A week later, I followed up with my ophthalmologist. My vision was beginning to improve. I went back to work but could not participate in any clinical service. I felt like I was taking up space. The acetazolamide had an awful side effect-it left a terrible metallic taste in my mouth. Additionally, anything carbonated burned in my mouth. That said, these were only minor inconveniences as that medication was my best chance at-regaining my vision. I had to leave work by 3pm each day because I could not see well enough in the dark to drive. It was a dark time in my life. But, with the love and support of family and friends, I got through it.
By the first week of February 2013, my vision was largely restored. I passed my visual field testing and was able to return to clinical service. I could see at night again. It was such a thrill to start to regain some normalcy in my life. By mid April, Dr. Frohman decided to take me off the acetazolamide. That was the last time I ever had to take the medication.
Nine months after this ordeal we conceived our first child. As pseudotumor has the highest risk of recurrence in the first trimester, I found myself back in Dr. Frohman's office. Thankfully the disease did not recur. 26 months later, we were expecting our second child. Again, I was fortunate enough to avoid recurrence.
It's now been six years since this happened. I consider myself one of the lucky ones. Many patients with pseudotumor cerebri, also known as idiopathic intracranial hypertension (IIH), have to undergo optic nerve sheath fenestration because acetazolamide alone is not sufficient to control their symptoms. Many people have to remain on acetazolamide for the rest of their lives. I have been so blessed. Looking back, I had (and still have) multiple risk factors for developing IIH; I was a young black woman. I was obese. I felt like something out of a medical school textbook. I’ve struggled with my weight for most of my adult life. I continue to struggle with it. But I fight on, because in the back of my mind, I fear this could happen to me again.

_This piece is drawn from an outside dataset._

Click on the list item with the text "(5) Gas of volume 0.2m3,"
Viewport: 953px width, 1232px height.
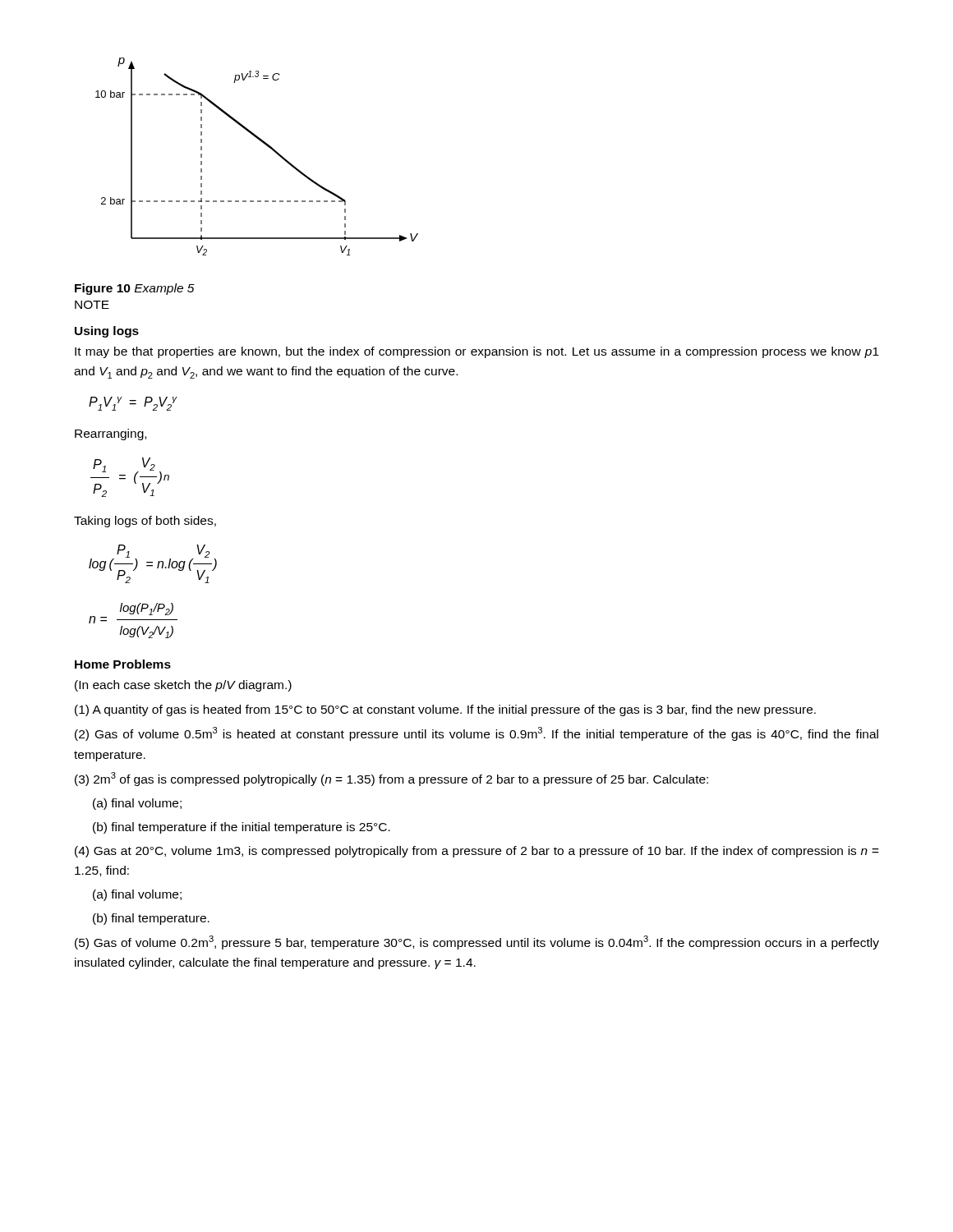tap(476, 951)

I share my story, not for sympathy, but to spread awareness. While IIH is not the most common disease, I had many classic symptoms. I had the worst headache I'd ever had and it was diffuse. I had a pulsatile tinnitus-the death metal symphony as I dubbed it, was a loud whooshing sound that was constant. I could hear it in my sleep. I had significant visual loss that began in the periphery of my visual fields and spread to my central vision. I had bilateral papilledema on physical examination. I urge anyone who has any of these symptoms to please get checked out. The sooner you do, the more likely you are to save your sight.